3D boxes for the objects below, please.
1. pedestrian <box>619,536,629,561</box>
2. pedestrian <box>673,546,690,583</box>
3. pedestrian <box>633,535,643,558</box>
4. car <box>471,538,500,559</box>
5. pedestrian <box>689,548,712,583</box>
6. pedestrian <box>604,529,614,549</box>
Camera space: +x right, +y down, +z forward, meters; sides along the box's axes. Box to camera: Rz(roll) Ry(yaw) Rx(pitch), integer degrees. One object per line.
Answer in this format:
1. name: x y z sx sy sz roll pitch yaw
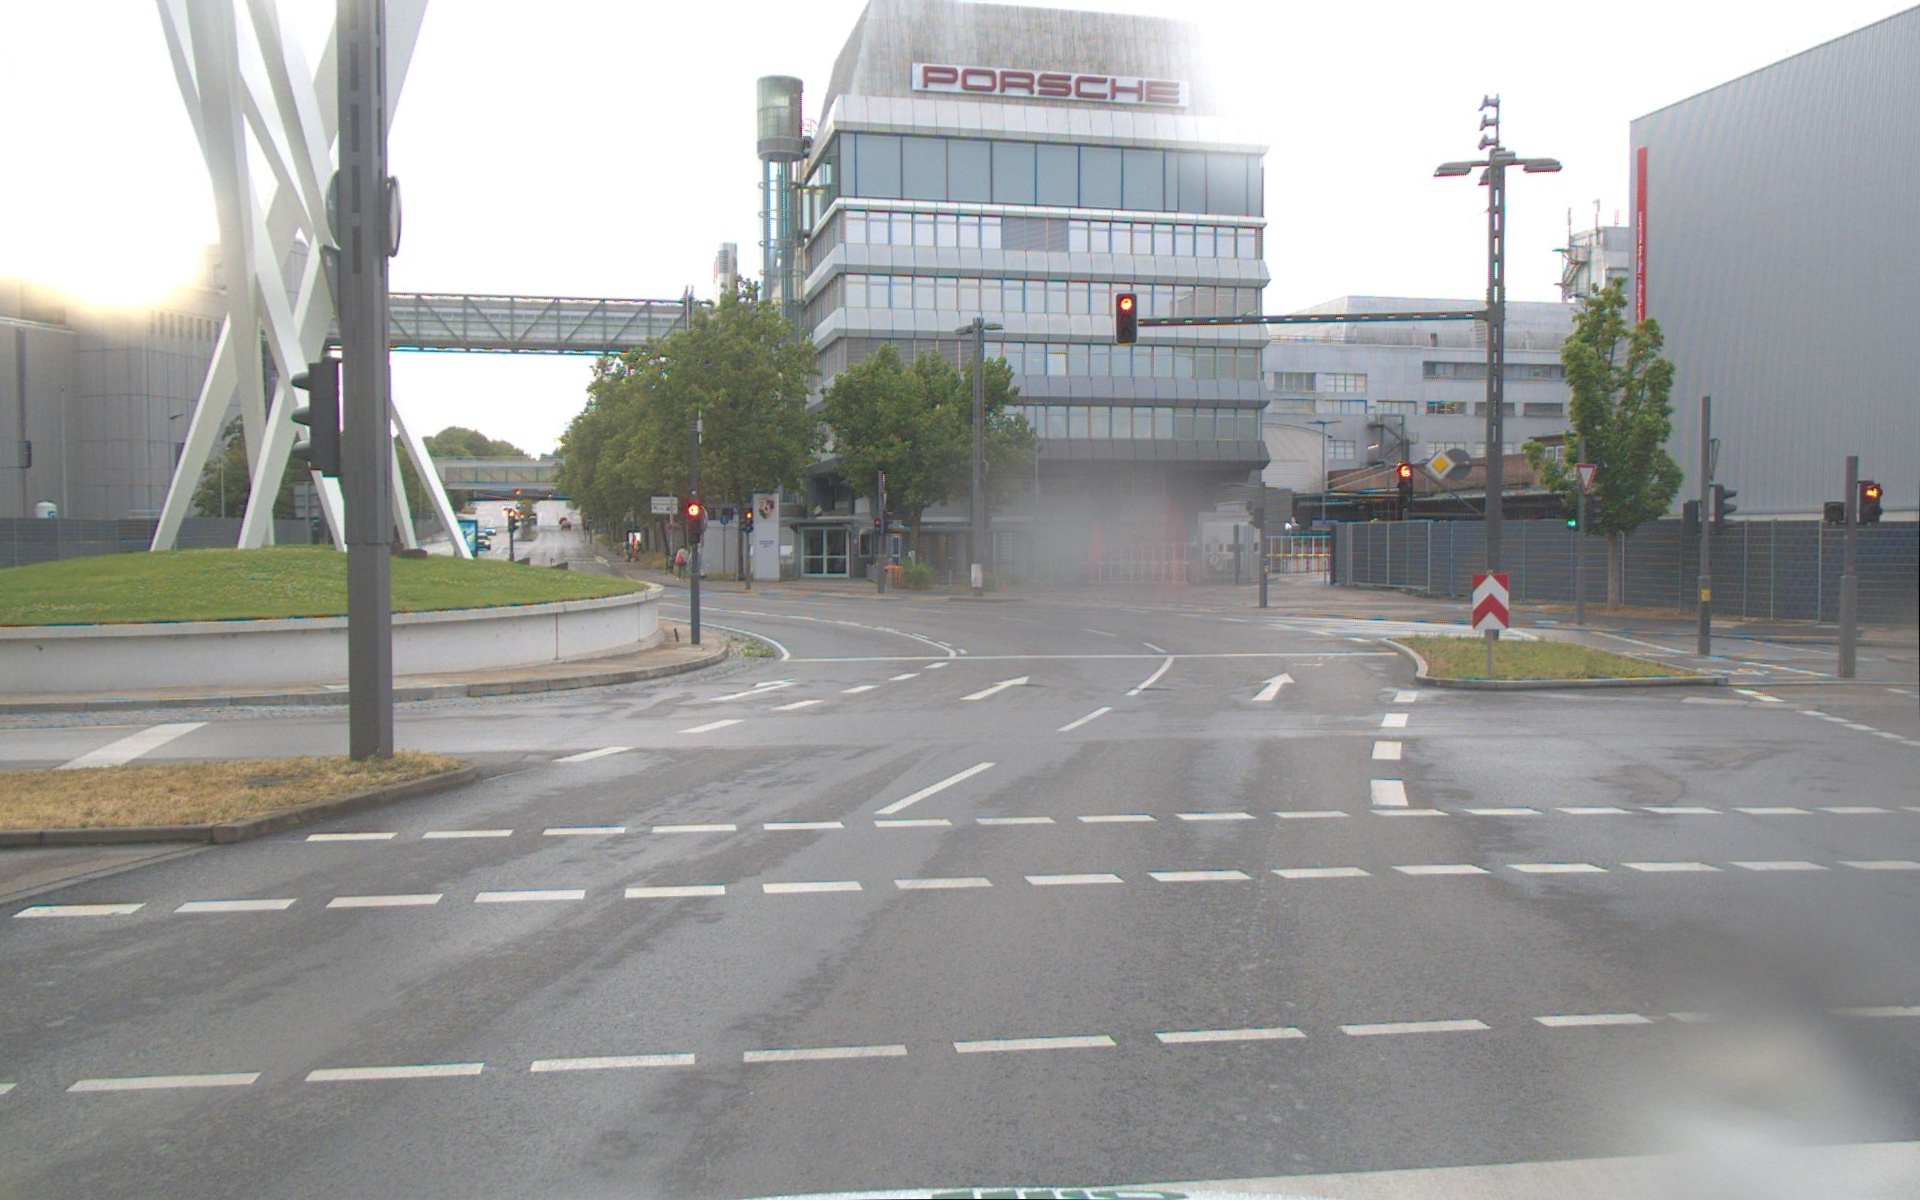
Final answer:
########
* Problem description:
No pictures go in the copy. Set down all the data exactly.

* Written solution:
3D boxes for the objects below, please.
1. pedestrian <box>619,536,629,561</box>
2. pedestrian <box>673,546,690,583</box>
3. pedestrian <box>633,535,643,558</box>
4. car <box>471,538,500,559</box>
5. pedestrian <box>689,548,712,583</box>
6. pedestrian <box>604,529,614,549</box>
Camera space: +x right, +y down, +z forward, meters; sides along the box's axes. Box to camera: Rz(roll) Ry(yaw) Rx(pitch), integer degrees. One object per line.
Answer in this format:
1. name: x y z sx sy sz roll pitch yaw
Final answer:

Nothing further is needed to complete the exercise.